Stored items:

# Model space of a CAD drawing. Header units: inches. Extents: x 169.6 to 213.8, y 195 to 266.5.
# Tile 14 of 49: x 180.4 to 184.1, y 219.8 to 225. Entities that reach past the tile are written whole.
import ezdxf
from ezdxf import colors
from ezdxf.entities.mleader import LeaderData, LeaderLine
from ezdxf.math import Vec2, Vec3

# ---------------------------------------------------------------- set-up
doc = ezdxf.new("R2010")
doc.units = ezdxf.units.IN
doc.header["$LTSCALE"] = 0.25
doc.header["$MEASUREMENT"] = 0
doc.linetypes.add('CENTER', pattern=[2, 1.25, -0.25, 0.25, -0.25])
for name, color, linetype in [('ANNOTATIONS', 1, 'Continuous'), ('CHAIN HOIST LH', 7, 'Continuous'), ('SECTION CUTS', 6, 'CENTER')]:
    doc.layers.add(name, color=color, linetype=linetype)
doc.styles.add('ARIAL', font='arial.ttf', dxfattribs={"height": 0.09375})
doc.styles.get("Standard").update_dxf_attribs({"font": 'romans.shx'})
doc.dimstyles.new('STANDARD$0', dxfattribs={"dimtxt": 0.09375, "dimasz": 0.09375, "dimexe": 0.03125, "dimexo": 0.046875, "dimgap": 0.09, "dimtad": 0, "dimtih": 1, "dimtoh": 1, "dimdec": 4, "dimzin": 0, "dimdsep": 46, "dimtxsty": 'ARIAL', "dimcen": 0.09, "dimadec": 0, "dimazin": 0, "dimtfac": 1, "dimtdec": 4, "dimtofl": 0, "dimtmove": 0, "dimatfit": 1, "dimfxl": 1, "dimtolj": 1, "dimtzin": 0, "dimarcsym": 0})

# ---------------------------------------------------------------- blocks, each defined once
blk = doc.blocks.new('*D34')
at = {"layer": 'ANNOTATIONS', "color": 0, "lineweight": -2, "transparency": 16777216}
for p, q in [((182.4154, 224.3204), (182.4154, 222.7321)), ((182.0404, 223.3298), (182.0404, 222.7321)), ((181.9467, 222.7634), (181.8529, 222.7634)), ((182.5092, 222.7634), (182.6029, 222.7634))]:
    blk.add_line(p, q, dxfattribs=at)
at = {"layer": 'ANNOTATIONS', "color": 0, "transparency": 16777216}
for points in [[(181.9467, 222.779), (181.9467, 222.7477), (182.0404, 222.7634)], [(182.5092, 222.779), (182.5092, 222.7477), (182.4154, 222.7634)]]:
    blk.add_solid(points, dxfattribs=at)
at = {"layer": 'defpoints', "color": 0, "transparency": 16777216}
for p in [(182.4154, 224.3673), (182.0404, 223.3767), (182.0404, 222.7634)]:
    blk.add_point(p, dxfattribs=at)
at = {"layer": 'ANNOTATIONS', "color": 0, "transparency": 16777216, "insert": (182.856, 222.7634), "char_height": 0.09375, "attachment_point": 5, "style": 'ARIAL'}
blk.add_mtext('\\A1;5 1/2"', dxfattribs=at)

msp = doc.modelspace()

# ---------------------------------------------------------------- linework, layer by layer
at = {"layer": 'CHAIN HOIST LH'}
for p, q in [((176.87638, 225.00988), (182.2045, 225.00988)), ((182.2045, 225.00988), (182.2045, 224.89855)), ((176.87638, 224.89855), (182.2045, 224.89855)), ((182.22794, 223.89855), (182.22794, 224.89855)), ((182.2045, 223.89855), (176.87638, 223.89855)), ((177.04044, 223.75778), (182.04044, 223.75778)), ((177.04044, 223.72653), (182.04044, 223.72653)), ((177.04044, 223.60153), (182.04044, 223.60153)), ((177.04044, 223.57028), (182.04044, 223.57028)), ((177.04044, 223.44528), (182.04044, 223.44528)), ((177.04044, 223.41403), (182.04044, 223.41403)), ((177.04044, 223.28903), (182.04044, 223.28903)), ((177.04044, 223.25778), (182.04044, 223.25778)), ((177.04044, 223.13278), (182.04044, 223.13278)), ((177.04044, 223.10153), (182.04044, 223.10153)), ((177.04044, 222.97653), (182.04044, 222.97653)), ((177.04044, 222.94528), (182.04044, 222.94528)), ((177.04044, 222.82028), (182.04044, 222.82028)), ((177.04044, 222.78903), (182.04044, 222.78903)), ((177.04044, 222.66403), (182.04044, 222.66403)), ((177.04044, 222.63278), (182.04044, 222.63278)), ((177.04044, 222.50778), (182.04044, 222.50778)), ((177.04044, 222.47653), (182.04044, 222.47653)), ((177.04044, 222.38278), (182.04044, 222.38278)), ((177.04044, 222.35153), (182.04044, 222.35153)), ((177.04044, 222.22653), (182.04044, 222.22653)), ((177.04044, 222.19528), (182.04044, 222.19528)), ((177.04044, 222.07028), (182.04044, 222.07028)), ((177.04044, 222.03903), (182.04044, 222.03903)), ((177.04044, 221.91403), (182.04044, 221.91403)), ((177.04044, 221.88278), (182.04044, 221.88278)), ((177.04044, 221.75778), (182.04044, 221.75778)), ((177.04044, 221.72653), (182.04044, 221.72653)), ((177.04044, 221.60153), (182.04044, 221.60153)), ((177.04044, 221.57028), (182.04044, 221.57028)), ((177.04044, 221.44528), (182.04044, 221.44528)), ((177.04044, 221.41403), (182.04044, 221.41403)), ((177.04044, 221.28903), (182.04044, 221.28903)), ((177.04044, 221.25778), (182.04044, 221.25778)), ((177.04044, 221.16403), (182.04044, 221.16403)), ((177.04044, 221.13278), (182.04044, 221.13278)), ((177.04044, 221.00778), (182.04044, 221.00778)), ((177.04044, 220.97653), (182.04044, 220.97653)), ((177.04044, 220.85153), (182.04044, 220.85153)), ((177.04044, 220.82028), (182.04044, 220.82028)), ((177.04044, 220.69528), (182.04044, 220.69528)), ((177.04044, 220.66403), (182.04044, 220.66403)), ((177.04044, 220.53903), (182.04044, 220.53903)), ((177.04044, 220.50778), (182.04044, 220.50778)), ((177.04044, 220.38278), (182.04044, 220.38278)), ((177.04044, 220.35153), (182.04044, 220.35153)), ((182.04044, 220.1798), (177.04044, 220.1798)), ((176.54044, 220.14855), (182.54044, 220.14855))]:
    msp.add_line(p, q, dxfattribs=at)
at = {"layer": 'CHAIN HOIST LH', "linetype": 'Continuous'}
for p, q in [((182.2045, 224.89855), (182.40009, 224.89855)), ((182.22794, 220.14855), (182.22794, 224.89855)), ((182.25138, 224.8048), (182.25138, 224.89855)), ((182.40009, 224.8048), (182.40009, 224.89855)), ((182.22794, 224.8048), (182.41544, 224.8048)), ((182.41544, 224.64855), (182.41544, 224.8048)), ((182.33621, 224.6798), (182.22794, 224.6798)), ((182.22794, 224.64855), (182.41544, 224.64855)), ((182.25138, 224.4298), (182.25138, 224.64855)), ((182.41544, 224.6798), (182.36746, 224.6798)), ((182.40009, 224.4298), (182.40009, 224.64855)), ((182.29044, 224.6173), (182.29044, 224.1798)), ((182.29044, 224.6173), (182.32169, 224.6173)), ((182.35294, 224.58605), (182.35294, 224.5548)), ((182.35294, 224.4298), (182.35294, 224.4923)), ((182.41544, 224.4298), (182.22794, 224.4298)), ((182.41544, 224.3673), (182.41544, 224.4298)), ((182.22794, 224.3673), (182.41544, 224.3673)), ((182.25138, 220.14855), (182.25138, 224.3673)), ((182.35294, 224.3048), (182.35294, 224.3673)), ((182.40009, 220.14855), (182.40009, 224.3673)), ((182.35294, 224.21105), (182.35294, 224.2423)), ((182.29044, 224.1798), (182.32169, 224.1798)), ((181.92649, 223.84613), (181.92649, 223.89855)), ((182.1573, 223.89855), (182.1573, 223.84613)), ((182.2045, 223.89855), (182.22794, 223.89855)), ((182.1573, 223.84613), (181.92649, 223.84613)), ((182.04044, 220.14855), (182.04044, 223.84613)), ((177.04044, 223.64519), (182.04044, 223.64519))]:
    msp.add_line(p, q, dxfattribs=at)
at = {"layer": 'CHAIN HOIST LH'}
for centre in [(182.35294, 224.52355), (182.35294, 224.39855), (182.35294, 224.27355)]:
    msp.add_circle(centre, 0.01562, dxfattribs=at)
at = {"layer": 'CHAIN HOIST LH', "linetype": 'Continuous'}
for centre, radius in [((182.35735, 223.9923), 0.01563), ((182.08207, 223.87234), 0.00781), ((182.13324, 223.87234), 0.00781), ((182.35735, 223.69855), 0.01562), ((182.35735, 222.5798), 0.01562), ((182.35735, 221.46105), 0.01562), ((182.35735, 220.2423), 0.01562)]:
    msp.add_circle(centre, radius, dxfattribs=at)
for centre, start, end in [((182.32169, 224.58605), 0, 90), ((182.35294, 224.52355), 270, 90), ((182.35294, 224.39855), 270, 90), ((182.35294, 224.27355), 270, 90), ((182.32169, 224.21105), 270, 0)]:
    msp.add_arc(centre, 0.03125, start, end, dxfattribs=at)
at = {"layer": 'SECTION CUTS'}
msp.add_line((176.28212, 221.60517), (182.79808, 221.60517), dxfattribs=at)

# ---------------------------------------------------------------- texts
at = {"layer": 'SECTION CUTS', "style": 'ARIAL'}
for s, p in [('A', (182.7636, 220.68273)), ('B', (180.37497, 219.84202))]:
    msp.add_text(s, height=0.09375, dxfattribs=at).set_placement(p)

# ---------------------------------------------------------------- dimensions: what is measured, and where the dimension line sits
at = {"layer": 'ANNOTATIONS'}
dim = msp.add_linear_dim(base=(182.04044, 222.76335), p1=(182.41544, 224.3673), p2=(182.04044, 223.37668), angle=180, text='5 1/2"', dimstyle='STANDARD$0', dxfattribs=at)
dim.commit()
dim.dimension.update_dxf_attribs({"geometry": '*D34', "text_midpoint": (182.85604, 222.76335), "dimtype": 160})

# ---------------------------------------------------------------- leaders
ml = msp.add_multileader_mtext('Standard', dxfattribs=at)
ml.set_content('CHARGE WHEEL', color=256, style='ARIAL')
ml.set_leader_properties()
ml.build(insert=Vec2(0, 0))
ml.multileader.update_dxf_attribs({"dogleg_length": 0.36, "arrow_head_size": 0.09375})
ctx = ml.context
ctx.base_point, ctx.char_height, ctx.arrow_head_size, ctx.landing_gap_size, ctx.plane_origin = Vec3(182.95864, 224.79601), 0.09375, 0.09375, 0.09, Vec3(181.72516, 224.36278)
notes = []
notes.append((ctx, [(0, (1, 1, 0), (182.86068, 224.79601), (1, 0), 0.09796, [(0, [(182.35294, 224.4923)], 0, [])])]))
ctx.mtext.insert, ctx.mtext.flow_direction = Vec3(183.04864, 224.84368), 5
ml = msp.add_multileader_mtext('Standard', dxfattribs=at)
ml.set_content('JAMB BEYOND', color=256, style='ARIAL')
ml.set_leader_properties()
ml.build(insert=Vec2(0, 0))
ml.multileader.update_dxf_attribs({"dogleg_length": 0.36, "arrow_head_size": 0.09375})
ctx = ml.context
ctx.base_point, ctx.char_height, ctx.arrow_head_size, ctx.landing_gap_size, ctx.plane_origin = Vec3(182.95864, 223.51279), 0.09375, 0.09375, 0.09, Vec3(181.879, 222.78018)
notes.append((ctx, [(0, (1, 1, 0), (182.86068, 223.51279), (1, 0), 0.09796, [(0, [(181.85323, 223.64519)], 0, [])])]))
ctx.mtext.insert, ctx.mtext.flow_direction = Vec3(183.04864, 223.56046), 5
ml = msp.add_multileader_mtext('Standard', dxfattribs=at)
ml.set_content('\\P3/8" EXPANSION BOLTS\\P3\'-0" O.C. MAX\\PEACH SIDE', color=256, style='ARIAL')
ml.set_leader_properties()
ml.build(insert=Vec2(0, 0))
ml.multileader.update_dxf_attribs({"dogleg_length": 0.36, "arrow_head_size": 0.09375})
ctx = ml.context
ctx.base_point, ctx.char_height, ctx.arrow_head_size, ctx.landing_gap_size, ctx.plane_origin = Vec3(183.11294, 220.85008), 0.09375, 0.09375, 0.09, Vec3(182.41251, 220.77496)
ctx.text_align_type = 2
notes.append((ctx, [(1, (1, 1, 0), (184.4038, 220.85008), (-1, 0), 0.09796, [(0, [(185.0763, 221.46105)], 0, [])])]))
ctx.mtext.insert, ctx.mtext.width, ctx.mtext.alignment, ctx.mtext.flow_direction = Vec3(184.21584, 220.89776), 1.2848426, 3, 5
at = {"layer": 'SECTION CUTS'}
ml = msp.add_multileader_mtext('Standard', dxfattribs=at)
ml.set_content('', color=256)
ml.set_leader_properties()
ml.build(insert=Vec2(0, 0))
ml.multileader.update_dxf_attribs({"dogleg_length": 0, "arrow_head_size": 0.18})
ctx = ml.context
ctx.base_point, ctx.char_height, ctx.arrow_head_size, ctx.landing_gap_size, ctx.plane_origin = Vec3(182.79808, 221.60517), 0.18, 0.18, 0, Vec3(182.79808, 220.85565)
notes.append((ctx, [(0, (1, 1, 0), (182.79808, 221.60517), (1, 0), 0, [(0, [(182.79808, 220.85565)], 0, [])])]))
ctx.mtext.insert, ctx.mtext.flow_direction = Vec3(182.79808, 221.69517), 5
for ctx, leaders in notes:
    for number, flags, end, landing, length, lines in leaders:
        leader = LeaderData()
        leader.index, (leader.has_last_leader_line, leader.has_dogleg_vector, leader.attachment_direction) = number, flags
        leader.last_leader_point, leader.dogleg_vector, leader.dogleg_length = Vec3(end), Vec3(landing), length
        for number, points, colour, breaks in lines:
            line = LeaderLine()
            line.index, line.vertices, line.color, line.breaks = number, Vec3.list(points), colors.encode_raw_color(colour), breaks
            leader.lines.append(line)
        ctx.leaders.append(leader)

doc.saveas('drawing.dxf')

- Task details:
Extract every line of the records above that contains the word "font".

- The answer:
doc.styles.add('ARIAL', font='arial.ttf', dxfattribs={"height": 0.09375})
doc.styles.get("Standard").update_dxf_attribs({"font": 'romans.shx'})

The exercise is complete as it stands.